Les organismes chargés de l’application de la loi de 11 pays ont perturbé la tristement célèbre opération de ransomware LockBit dans le cadre d’une opération conjointe connue sous le nom d ‘ « Opération Cronos ». »

Selon une bannière affichée sur le site Web de fuite de données de LockBit, le site est désormais sous le contrôle de la National Crime Agency du Royaume-Uni.

« Le site est maintenant sous le contrôle des forces de l’ordre. Ce site est désormais sous le contrôle de la National Crime Agency du Royaume-Uni, qui travaille en étroite collaboration avec le FBI et le groupe de travail international sur l’application de la loi, l’opération Cronos », peut-on lire sur la bannière.

« Nous pouvons confirmer que les services de Lockbit ont été perturbés à la suite d’une action internationale d’application de la loi – il s’agit d’une opération en cours et en développement. »

Alors que le site de fuite de Lockbit n’est plus accessible, affichant la bannière de saisie intégrée ci-dessous ou une erreur « Impossible de se connecter » indiquant que la connexion a été refusée, certains des autres sites Web sombres du gang (y compris d’autres sites utilisés pour héberger des données et envoyer des messages privés au gang) sont toujours actifs.

Breachtrace a également confirmé que les sites de négociation de rançon de LockBit sont en panne mais n’affichent actuellement aucun message de saisie de la NCA.

« La NCA peut confirmer que les services de LockBit ont été perturbés à la suite d’une action internationale d’application de la loi. Il s’agit d’une opération en cours et en développement », a déclaré un porte-parole de la NCA à Breachtrace .

Les forces de l’ordre à l’origine de l’opération Chronos devraient publier un communiqué de presse conjoint demain à 12h30 CET.

L’opération LockBit est exécutée par un acteur de la menace connu sous le nom de LockBitSupp, qui communique via le service de messagerie Tox.
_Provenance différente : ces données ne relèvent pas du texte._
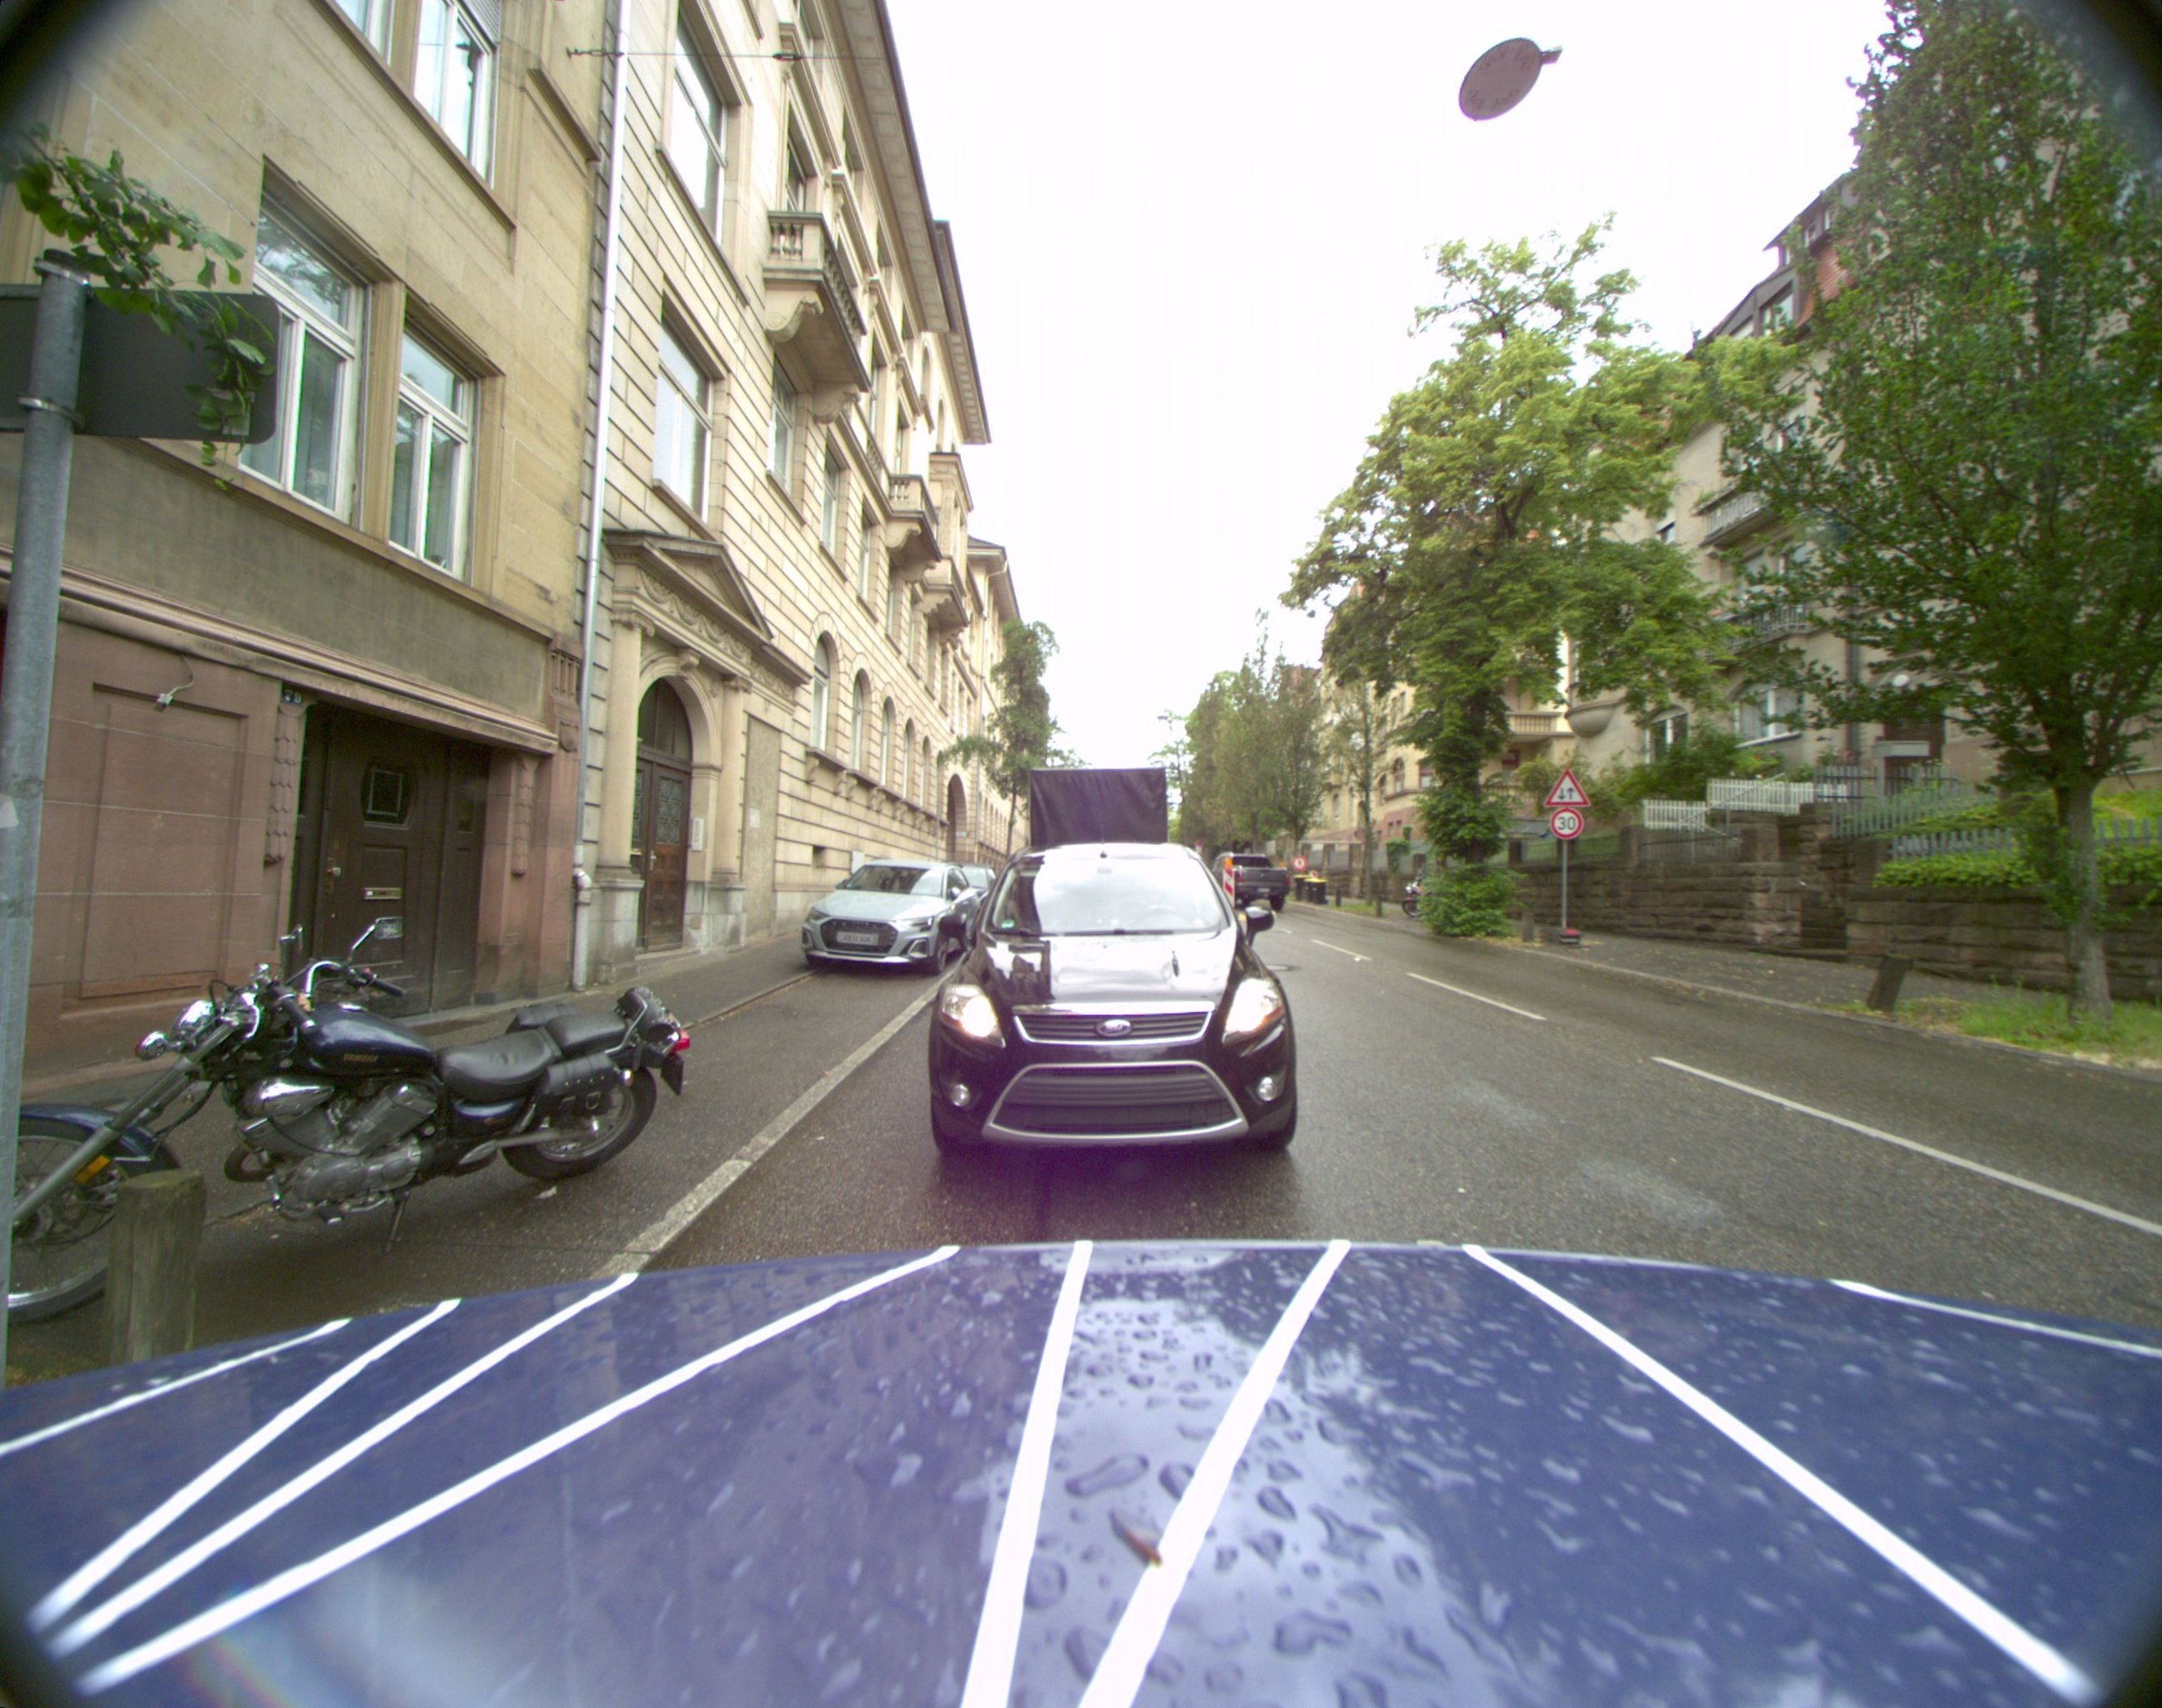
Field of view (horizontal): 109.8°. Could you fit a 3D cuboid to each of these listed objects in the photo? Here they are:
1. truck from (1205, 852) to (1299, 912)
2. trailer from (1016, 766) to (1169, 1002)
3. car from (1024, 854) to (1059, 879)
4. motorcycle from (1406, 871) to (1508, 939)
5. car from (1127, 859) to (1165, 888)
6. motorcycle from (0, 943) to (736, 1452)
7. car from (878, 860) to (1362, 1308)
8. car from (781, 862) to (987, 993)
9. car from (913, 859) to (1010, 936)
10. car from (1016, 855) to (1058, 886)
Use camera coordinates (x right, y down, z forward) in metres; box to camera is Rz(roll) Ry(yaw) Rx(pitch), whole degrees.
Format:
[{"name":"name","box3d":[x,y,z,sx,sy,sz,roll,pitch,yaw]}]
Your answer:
[{"name":"truck","box3d":[5.793,0.896,26.452,2.075,1.825,5.154,2,0,1]},{"name":"trailer","box3d":[0.136,0.337,11.305,1.783,2.744,4.816,0,1,0]},{"name":"car","box3d":[-2.587,0.816,50.713,1.910,1.502,4.318,3,0,1]},{"name":"motorcycle","box3d":[8.907,1.152,18.191,0.802,1.406,3.061,-2,0,-2]},{"name":"car","box3d":[3.620,1.037,42.749,1.670,1.463,3.656,3,0,-1]},{"name":"motorcycle","box3d":[-2.565,1.017,2.807,0.523,1.236,2.282,3,-1,39]},{"name":"car","box3d":[0.203,0.889,5.133,1.823,1.662,4.522,0,0,1]},{"name":"car","box3d":[-2.609,0.896,11.115,1.794,1.444,4.039,3,0,1]},{"name":"car","box3d":[-2.538,0.889,16.789,1.495,1.440,3.181,3,0,1]},{"name":"car","box3d":[-2.380,0.886,42.456,1.910,1.502,4.318,3,0,1]}]
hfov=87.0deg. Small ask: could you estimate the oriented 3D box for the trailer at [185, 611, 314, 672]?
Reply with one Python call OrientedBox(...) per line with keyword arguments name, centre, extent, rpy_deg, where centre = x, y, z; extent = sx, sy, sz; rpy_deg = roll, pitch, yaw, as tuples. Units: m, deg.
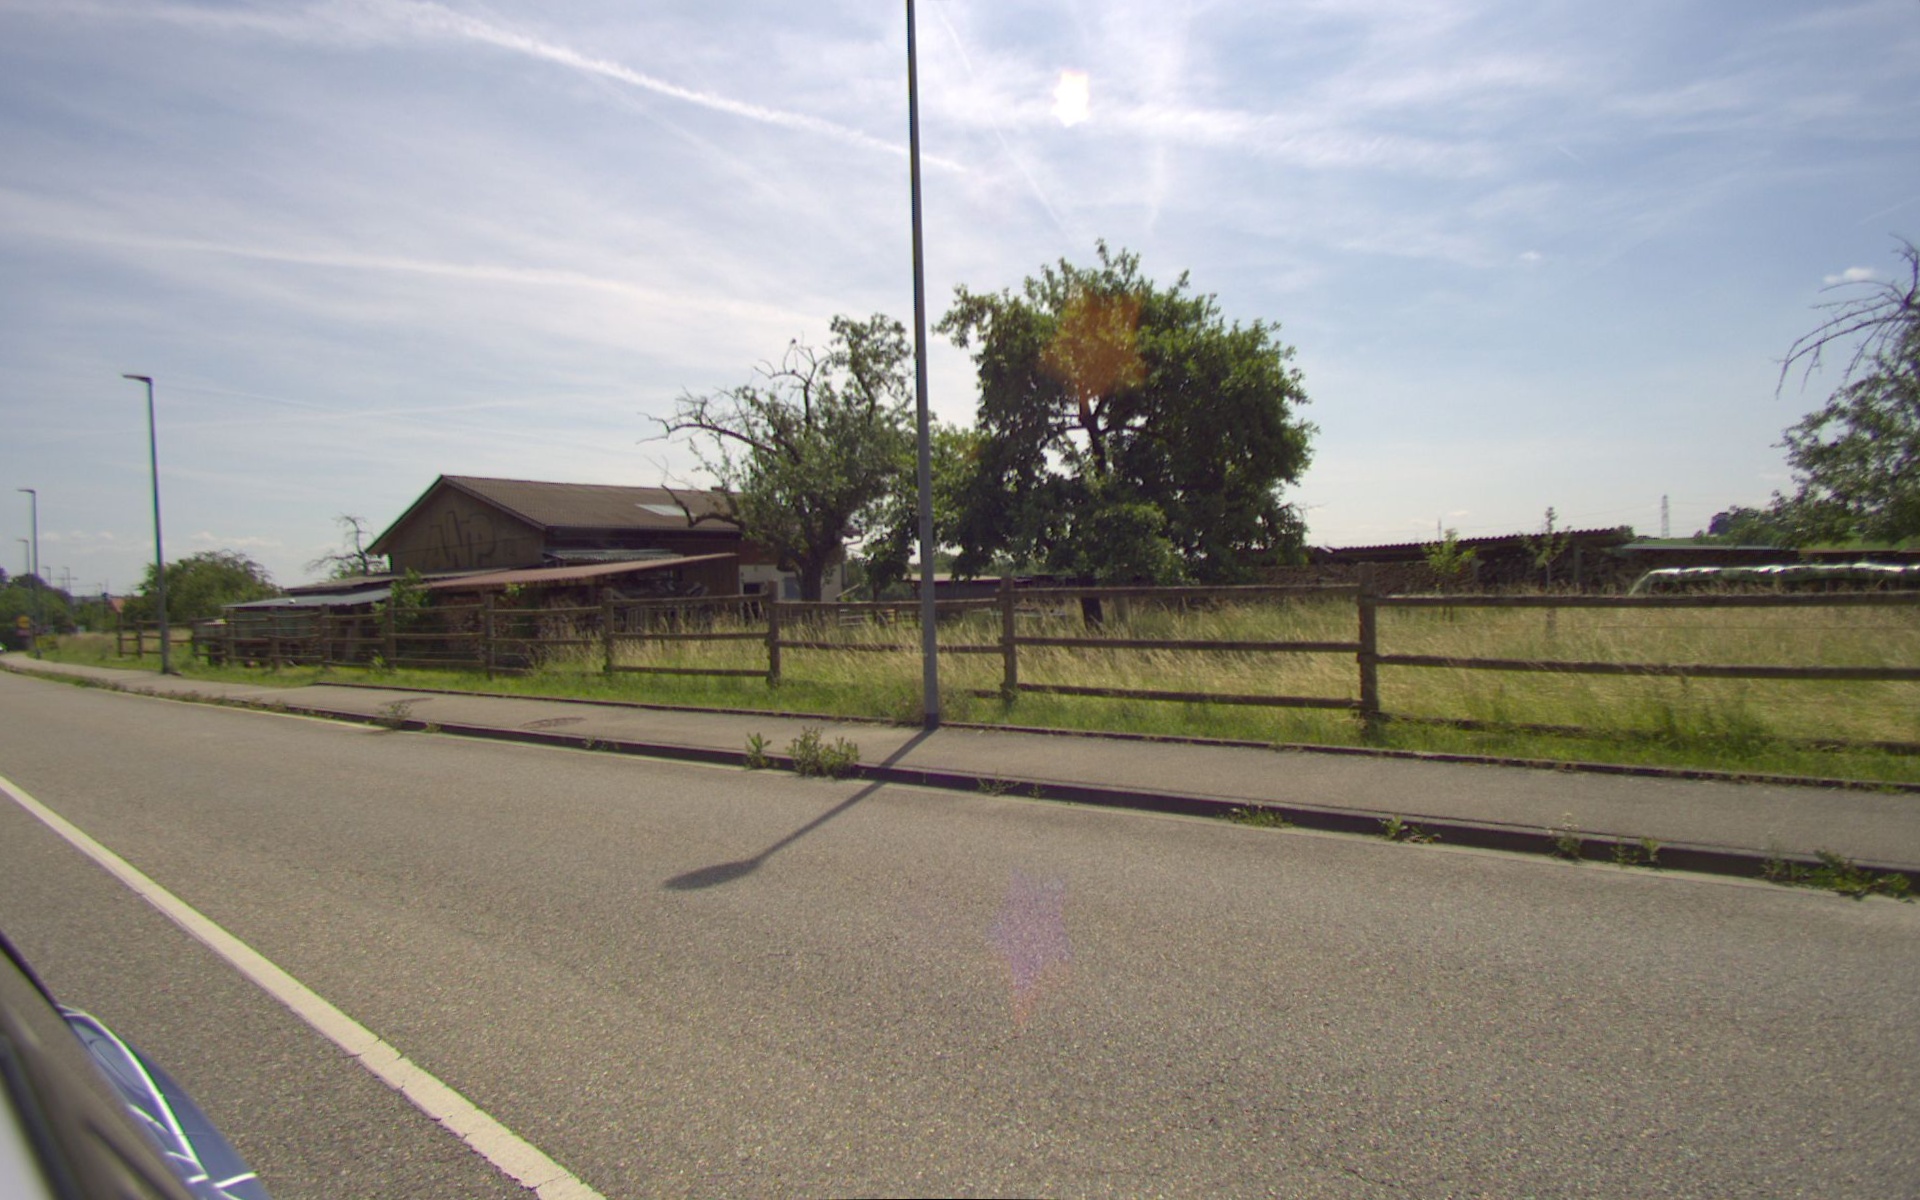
OrientedBox(name="trailer", centre=(-22.045, 1.254, 31.322), extent=(5.026, 1.716, 2.132), rpy_deg=(-2, -1, 41))

L’état de son compte sur le service affiche désormais un message indiquant que le FBI a violé les serveurs de l’opération de ransomware à l’aide d’un exploit PHP.

« Le FBI fout les serveurs en l’air via PHP, les serveurs de sauvegarde sans PHP ne peuvent pas être touchés », lit le message d’état traduit de LockBitSupp écrit en russe.

L’opération LockBit ransomware-as-a-service (RaaS) a fait surface en septembre 2019 et a depuis ciblé un large éventail d’organisations de premier plan dans le monde entier.

La police a également supprimé le panneau d’affiliation de LockBit et ajouté un message indiquant que le code source de LockBit, les discussions et les informations sur les victimes avaient également été saisis.

« Les forces de l’ordre ont pris le contrôle de la plate-forme de Lockbit et obtenu toutes les informations qui y sont conservées. Ces informations concernent le groupe Lockbit et vous, leur affilié. Nous avons le code source, les détails des victimes que vous avez attaquées, le montant d’argent extorqué,les données volées, les discussions et bien plus encore », indique le message affiché sur le panneau LockBit.

« Vous pouvez remercier Lockbitsupp et leur infrastructure défectueuse pour cette situation… nous pourrions être en contact avec vous très bientôt. Passe une bonne journée. Cordialement, l’Agence nationale de la criminalité du Royaume-Uni, le FBI, Europol et le Groupe de travail sur l’application de la loi Operation Cronos. »

Panneau de Bits de verrouillage saisi

La liste des victimes de Lockbits comprend la Royal Mail du Royaume-Uni, la ville d’Oakland, le géant continental de l’automobile et l’Internal Revenue Service italien.

Plus récemment, Bank of America a averti ses clients que leurs informations personnelles avaient été exposées lors d’une violation de données après qu’Infosys McCamish Systems (IMS), l’un de ses fournisseurs de services, ait été piraté lors d’une attaque revendiquée par le gang de ransomwares LockBit.

Les autorités de cybersécurité aux États-Unis et des partenaires du monde entier ont déclaré dans un avis conjoint publié en juin que le gang LockBit avait extorqué au moins 91 millions de dollars à des organisations américaines à la suite de 1 700 attaques depuis 2020.

Ces dernières années, les forces de l’ordre ont également saisi les serveurs du ransomware ALPHA (Black Cat) et les sites de paiement et de fuite de données Hive ransomware Tor.